You're right that most people are doing #2, which is not a safe strategy for all. Depending on the case, in order to take advantage of the growth potential, spreading out the risk is safer than taking no risk.


----------



## gibor365 (Apr 1, 2011)

Bigger part in Canadian stocks include 1 ETF (ZRE) , smaller part in PT HISA at 2.5%


----------



## IFITSTOBEITSUP2ME (Mar 6, 2015)

1 mainly sometimes since inception has been 3. Cherry pick stocks at certain times and price patterns to swing trade for the most part. Once hits over 6 figures will switch to Bogle style.


----------



## nathan79 (Feb 21, 2011)

3. Tangerine balanced growth fund + small GIC @ 3.25%. When the GIC matures later this year I'll probably put everything the Tangerine fund.


----------



## CalgaryPotato (Mar 7, 2015)

For me it's #3, but I haven't fully utilized the advantages of it for option #2 (I have unused contribution room). I probably should have taken more advantage of it for short terms savings up until this point.

I see a lot of people with really negative comments towards the fact most people have their TFSA "invested" in cash equivalents. However that's missing the point that many of those same people are utilizing their RRSP for the investment portion of their portfolio and are simply using the TFSA to shield their savings.


----------



## rikk (May 28, 2012)

^ Yep, I'm HISA in the TFSA and have in recent months picked up a few oily equities in the RRSP ...


----------



## scorpion_ca (Nov 3, 2014)

#3 - zre (55%) & zag (45%)


----------



## wendi1 (Oct 2, 2013)

LOL. My TFSA is completely unbalanced, consisting entirely of a Cdn REIT ETF.

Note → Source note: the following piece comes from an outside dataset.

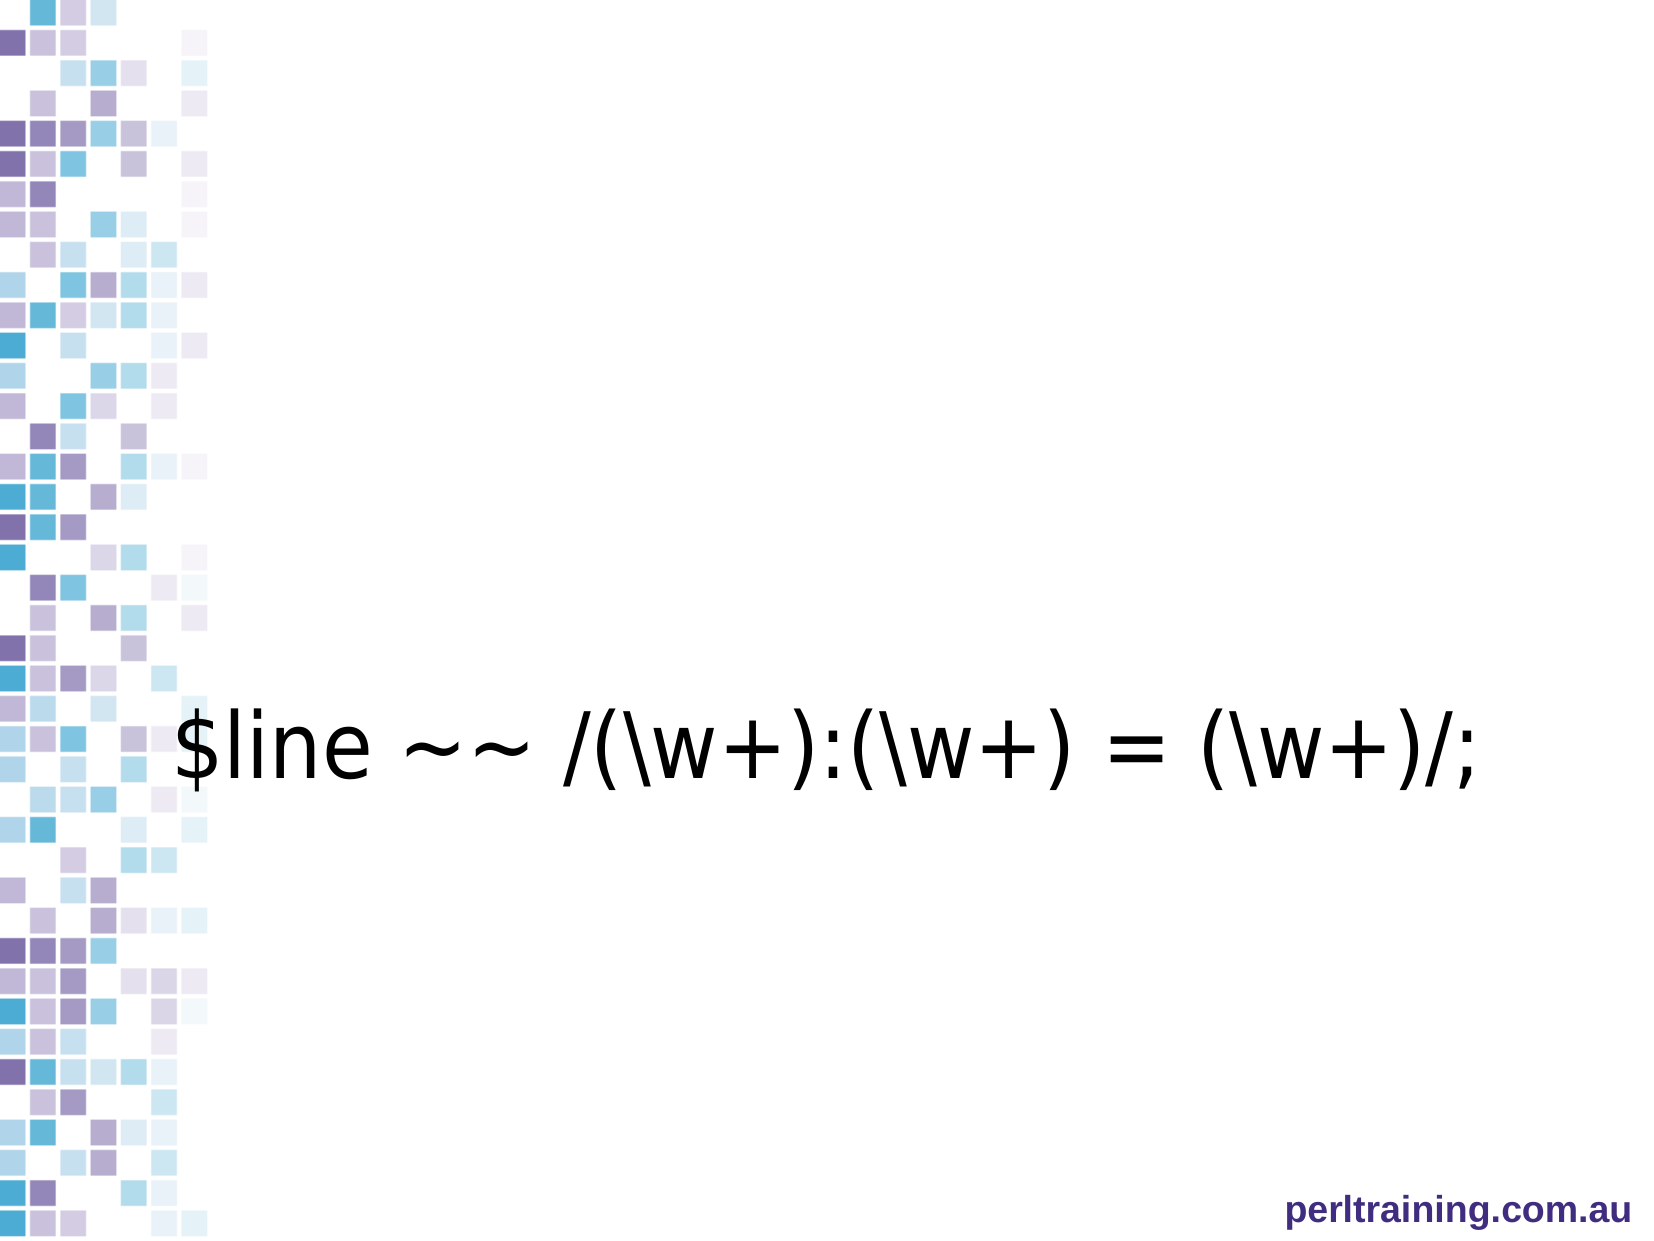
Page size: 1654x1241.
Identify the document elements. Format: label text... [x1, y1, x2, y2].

The whole portfolio is balanced, though.


----------



## PrairieGal (Apr 2, 2011)

I have $12,000 in a People's Trust HISA as my emergency fund, the rest of my TFSA is in the Tangerine Balanced Fund. Going forward it will either be more in Tangerine, or branch out into ETF's.


----------



## Cal (Jun 17, 2009)

#3. Just part of a larger portfolio imo.


----------



## CPA Candidate (Dec 15, 2013)

TFSA is nearly all equity. Entire portfolio is 90% equity.


----------



## Gimme the Green (Feb 4, 2014)

100% Canadian dividend payers. Never plan to sell, collect divs in retirement.


----------



## avrex (Nov 14, 2010)

For me the answer is* 1.*


sags said:


> 1) Use the TFSA to invest in stock market "flyers". Take a chance on hitting a home run. If you lose on one.........try again. (some people are doing it)


As, I mentioned in my other post, 


avrex said:


> The TFSAs use is very *dependent on your age.*
> Older people like me, will use their *RRSP* as their *main source* of retirement income, and the TFSA will be a *secondary source* of retirement income.


Based on my age, I know that my RRSP will be much larger than my TFSA, when I reach retirement / financial independence.

Therefore, *my strategy is to take on more risk with my TFSA*. 
For example, I'm trying to hit home runs with *equity options* (calls, puts).

If I'm successful, I'll hit financial independence sooner. If I'm not successful, financial independence will just be a little later.


----------